MONTGOMERY, Ohio — Two decades ago, an EF4 tornado smashed into the heavily populated communities of Montgomery, Blue Ash and Symmes Township, destroying 92 homes and 40 businesses in its path.
Twenty years later — on a calm, sunny day at the Sycamore High School Tornado Memorial — community representatives honored the victims who died on April 9, 1999, along with first responders, volunteers and residents.
“Residents became heroes, victims became volunteers and our community locked arms,” said Frank Forsthoefel, superintendent of Sycamore Community Schools, during a tornado remembrance ceremony Tuesday.
Two of the four people killed were Montgomery residents, Lee and Jacque Cook. Montgomery Mayor Chris Dobrozsi read a proclamation Tuesday, declaring April 9, 2019 as “1999 Tornado Remembrance Day” in the city of Montgomery.
“Out of that great devastation came a truly united community determined to rebuild and committed to reclaiming what nature had disturbed,” Dobrozsi said.
WATCH: 9 On Your Side Meteorologist Sherry Hughes remembers the 1999 tornado.
The tornado, with 200-mph winds, hit shortly after 5 a.m. — a simple fact Forsthoefel said was a blessing for students and staff members at the local schools, which were among the many buildings damaged.
FROM THE VAULT: Tornadoes bring destruction, death to Tri-State
“Despite its tragic consequences, we were blessed that the devastation occurred at 5:30 a.m. and not 7:30 a.m. Our high school campus would have been fully populated at that time,” he said. “And the aftereffects simply, simply unthinkable.”
The tornado caused $25 million in damage and 194 homes suffered major damage, officials said.
There was $2 million damage just to Cincinnati Hills Christian Academy middle and elementary schools. Because the middle school lost its roof, 340 students had to cram into the high school to finish the school year. The gym and other large areas were converted into classrooms.

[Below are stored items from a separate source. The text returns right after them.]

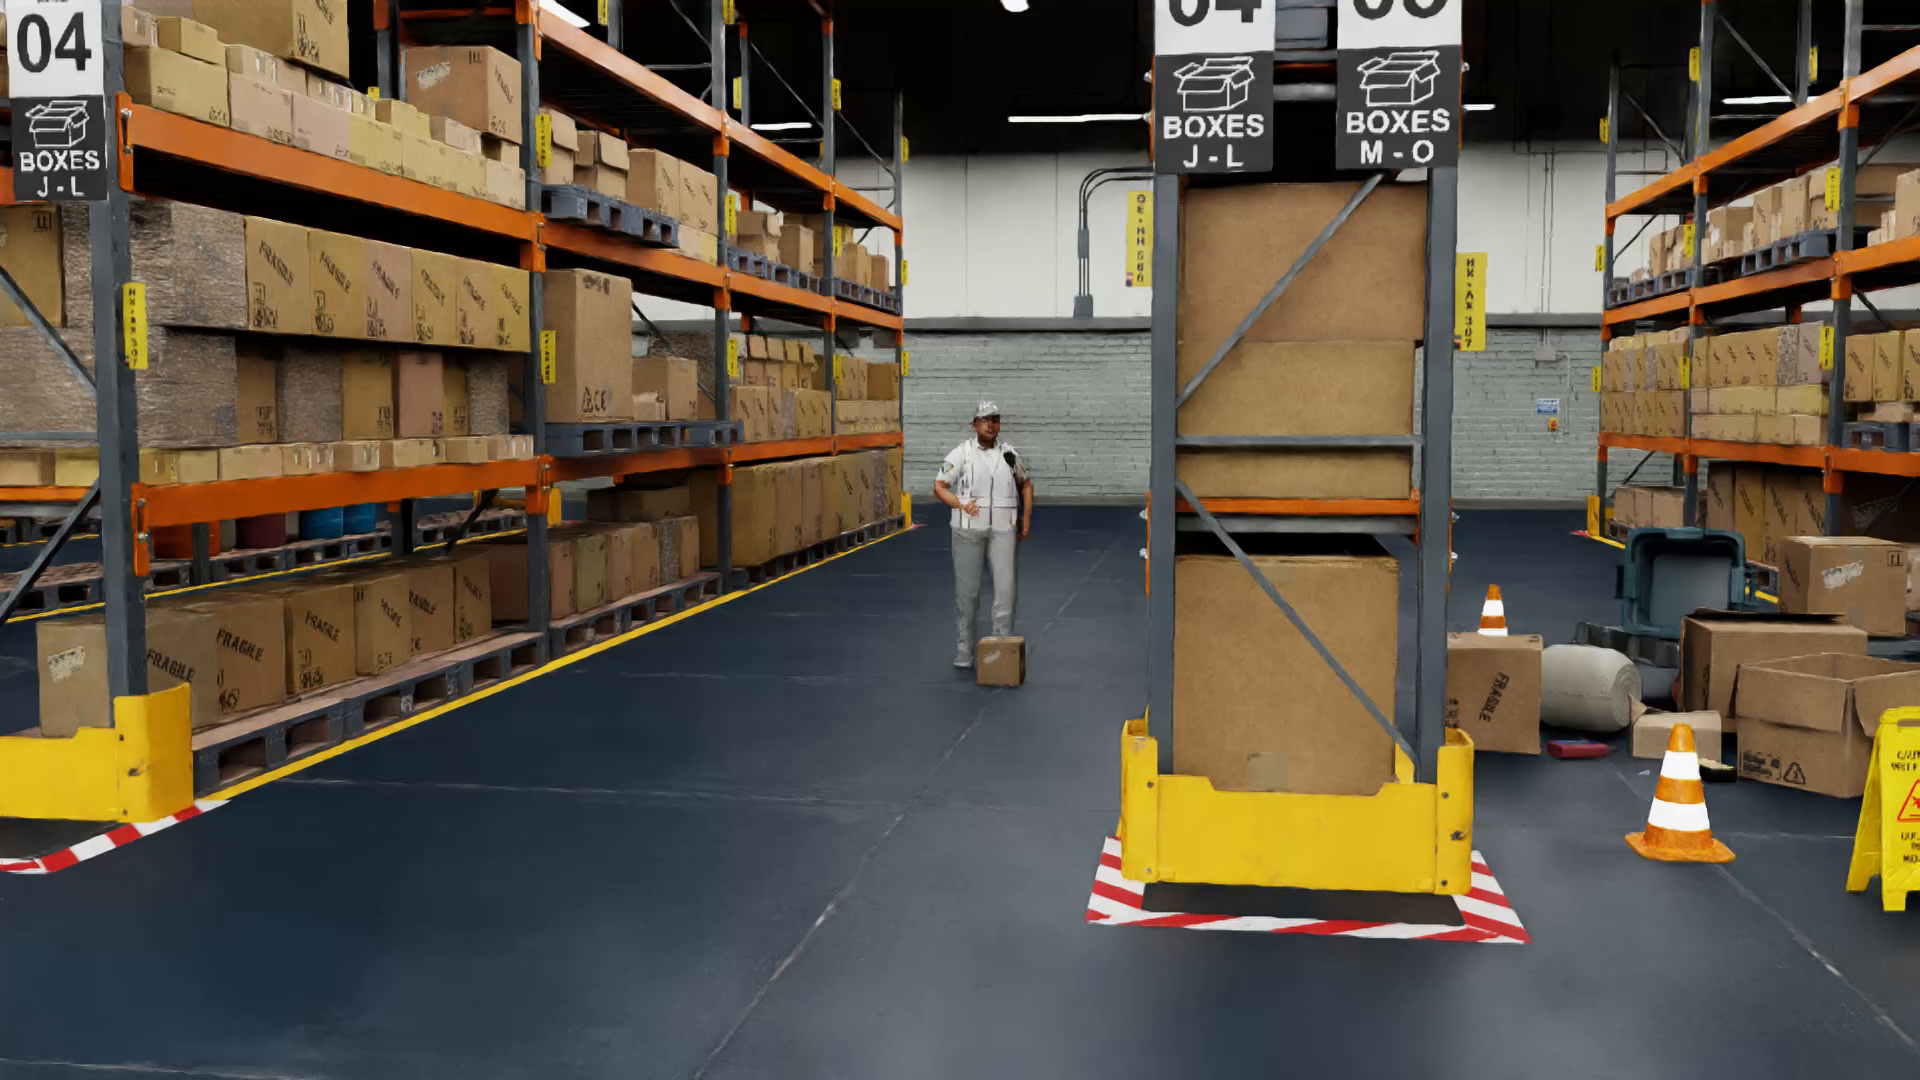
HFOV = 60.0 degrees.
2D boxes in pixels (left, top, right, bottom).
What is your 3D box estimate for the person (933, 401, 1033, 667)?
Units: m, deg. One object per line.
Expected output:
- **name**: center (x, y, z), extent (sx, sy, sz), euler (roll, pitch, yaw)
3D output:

Two motorists were killed, and others were lucky when the tornado crossed Interstate 71. A small truck was picked up and dropped upside-down on the concrete barrier in the middle of the highway.
“I'm definitely feeling lucky. I never even heard it coming,” said the driver, Donald Busch Jr. of Blanchester, Ohio.
The 1999 tornado is considered the worst natural disaster in the history of Montgomery and the surrounding communities, according to the mayor, but it also remains a classic example of working together.
“The tornado was a defining moment for our community,” Dobrozsi said, “but not because of the devastation of the event, but because of the ways our community came together to help those in need.”
Dobrozsi recognized the churches, schools and mutual aid organizations that assisted during the “response, recovery and healing periods” in the city’s proclamation.
“Through it all,” the mayor said, “the community rallied together to help and assist each other — demonstrating the care and compassion which is the cornerstone of our community.”
The city of Montgomery created a podcast, “Weathering the Storm,” to document the tragedy with current and former city leaders, residents, city employees, members of the victims’ families as well as former WCPO Chief Meteorologist Pete Delkus.